▶ **ASSIGNMENT**: Give again, character for character, the lines that lie between the first line of the material and the line with "- boat shoe from (397, 223) to (443, 263)", inclusive. Omit pictures.

--- INFORMATION PROVIDED Enclosed Below ---

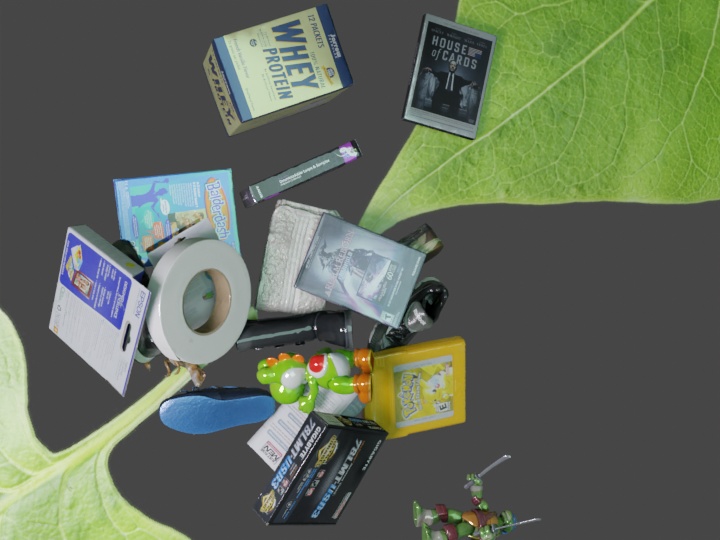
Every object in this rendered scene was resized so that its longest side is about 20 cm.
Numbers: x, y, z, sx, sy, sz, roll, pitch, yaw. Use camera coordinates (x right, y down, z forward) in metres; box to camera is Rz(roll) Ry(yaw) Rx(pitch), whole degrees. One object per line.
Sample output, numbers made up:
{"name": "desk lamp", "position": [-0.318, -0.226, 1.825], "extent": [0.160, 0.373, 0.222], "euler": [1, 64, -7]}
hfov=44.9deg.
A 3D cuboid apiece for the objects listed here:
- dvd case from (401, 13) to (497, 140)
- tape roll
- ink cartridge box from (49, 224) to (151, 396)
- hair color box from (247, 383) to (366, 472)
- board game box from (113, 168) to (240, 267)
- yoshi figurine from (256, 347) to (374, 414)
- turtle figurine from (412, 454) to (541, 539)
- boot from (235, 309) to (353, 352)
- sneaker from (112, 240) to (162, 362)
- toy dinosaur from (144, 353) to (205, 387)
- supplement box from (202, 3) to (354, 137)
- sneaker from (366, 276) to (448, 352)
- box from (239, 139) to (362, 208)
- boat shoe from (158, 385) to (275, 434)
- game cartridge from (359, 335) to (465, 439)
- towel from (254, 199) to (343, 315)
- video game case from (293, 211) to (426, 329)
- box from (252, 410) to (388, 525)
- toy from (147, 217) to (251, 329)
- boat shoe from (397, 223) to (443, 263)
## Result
{"name": "dvd case", "position": [0.166, -0.360, 1.628], "extent": [0.149, 0.025, 0.202], "euler": [13, 89, -16]}
{"name": "tape roll", "position": [-0.256, 0.049, 1.393], "extent": [0.202, 0.037, 0.205], "euler": [-16, 110, -52]}
{"name": "ink cartridge box", "position": [-0.401, 0.061, 1.371], "extent": [0.199, 0.047, 0.199], "euler": [33, 118, 23]}
{"name": "hair color box", "position": [-0.091, 0.267, 1.532], "extent": [0.099, 0.061, 0.200], "euler": [37, 79, 30]}
{"name": "board game box", "position": [-0.312, -0.089, 1.490], "extent": [0.198, 0.045, 0.154], "euler": [-7, 94, -14]}
{"name": "yoshi figurine", "position": [-0.076, 0.186, 1.495], "extent": [0.198, 0.112, 0.113], "euler": [0, 96, 5]}
{"name": "turtle figurine", "position": [0.201, 0.434, 1.603], "extent": [0.192, 0.201, 0.145], "euler": [-6, 59, -11]}
{"name": "boot", "position": [-0.116, 0.103, 1.478], "extent": [0.198, 0.165, 0.066], "euler": [-2, 89, -7]}
{"name": "sneaker", "position": [-0.345, 0.044, 1.404], "extent": [0.066, 0.090, 0.202], "euler": [-17, 93, -56]}
{"name": "toy dinosaur", "position": [-0.335, 0.114, 1.494], "extent": [0.106, 0.060, 0.202], "euler": [-29, 102, -26]}
{"name": "supplement box", "position": [-0.142, -0.327, 1.451], "extent": [0.198, 0.200, 0.135], "euler": [-22, 97, -14]}
{"name": "sneaker", "position": [0.088, 0.091, 1.585], "extent": [0.066, 0.090, 0.200], "euler": [46, 80, -11]}
{"name": "box", "position": [-0.106, -0.164, 1.496], "extent": [0.199, 0.143, 0.036], "euler": [-27, 97, -13]}
{"name": "boat shoe", "position": [-0.250, 0.240, 1.510], "extent": [0.198, 0.069, 0.085], "euler": [5, 103, -20]}
{"name": "game cartridge", "position": [0.097, 0.219, 1.594], "extent": [0.198, 0.032, 0.178], "euler": [-10, 114, -16]}
{"name": "towel", "position": [-0.108, -0.019, 1.556], "extent": [0.131, 0.034, 0.202], "euler": [11, 89, -15]}
{"name": "video game case", "position": [0.000, 0.000, 1.536], "extent": [0.198, 0.019, 0.144], "euler": [22, 85, -1]}
{"name": "box", "position": [-0.063, 0.343, 1.498], "extent": [0.198, 0.050, 0.201], "euler": [24, 99, -52]}
{"name": "toy", "position": [-0.273, 0.013, 1.467], "extent": [0.115, 0.047, 0.201], "euler": [-34, 126, -16]}
{"name": "boat shoe", "position": [0.053, -0.017, 1.589], "extent": [0.199, 0.073, 0.065], "euler": [-28, 72, -5]}

--- End of Enclosed INFORMATION PROVIDED ---

▶ **ANSWER TO THE EXERCISE**:
Every object in this rendered scene was resized so that its longest side is about 20 cm.
Numbers: x, y, z, sx, sy, sz, roll, pitch, yaw. Use camera coordinates (x right, y down, z forward) in metres; box to camera is Rz(roll) Ry(yaw) Rx(pitch), whole degrees. One object per line.
Sample output, numbers made up:
{"name": "desk lamp", "position": [-0.318, -0.226, 1.825], "extent": [0.160, 0.373, 0.222], "euler": [1, 64, -7]}
hfov=44.9deg.
A 3D cuboid apiece for the objects listed here:
- dvd case from (401, 13) to (497, 140)
- tape roll
- ink cartridge box from (49, 224) to (151, 396)
- hair color box from (247, 383) to (366, 472)
- board game box from (113, 168) to (240, 267)
- yoshi figurine from (256, 347) to (374, 414)
- turtle figurine from (412, 454) to (541, 539)
- boot from (235, 309) to (353, 352)
- sneaker from (112, 240) to (162, 362)
- toy dinosaur from (144, 353) to (205, 387)
- supplement box from (202, 3) to (354, 137)
- sneaker from (366, 276) to (448, 352)
- box from (239, 139) to (362, 208)
- boat shoe from (158, 385) to (275, 434)
- game cartridge from (359, 335) to (465, 439)
- towel from (254, 199) to (343, 315)
- video game case from (293, 211) to (426, 329)
- box from (252, 410) to (388, 525)
- toy from (147, 217) to (251, 329)
- boat shoe from (397, 223) to (443, 263)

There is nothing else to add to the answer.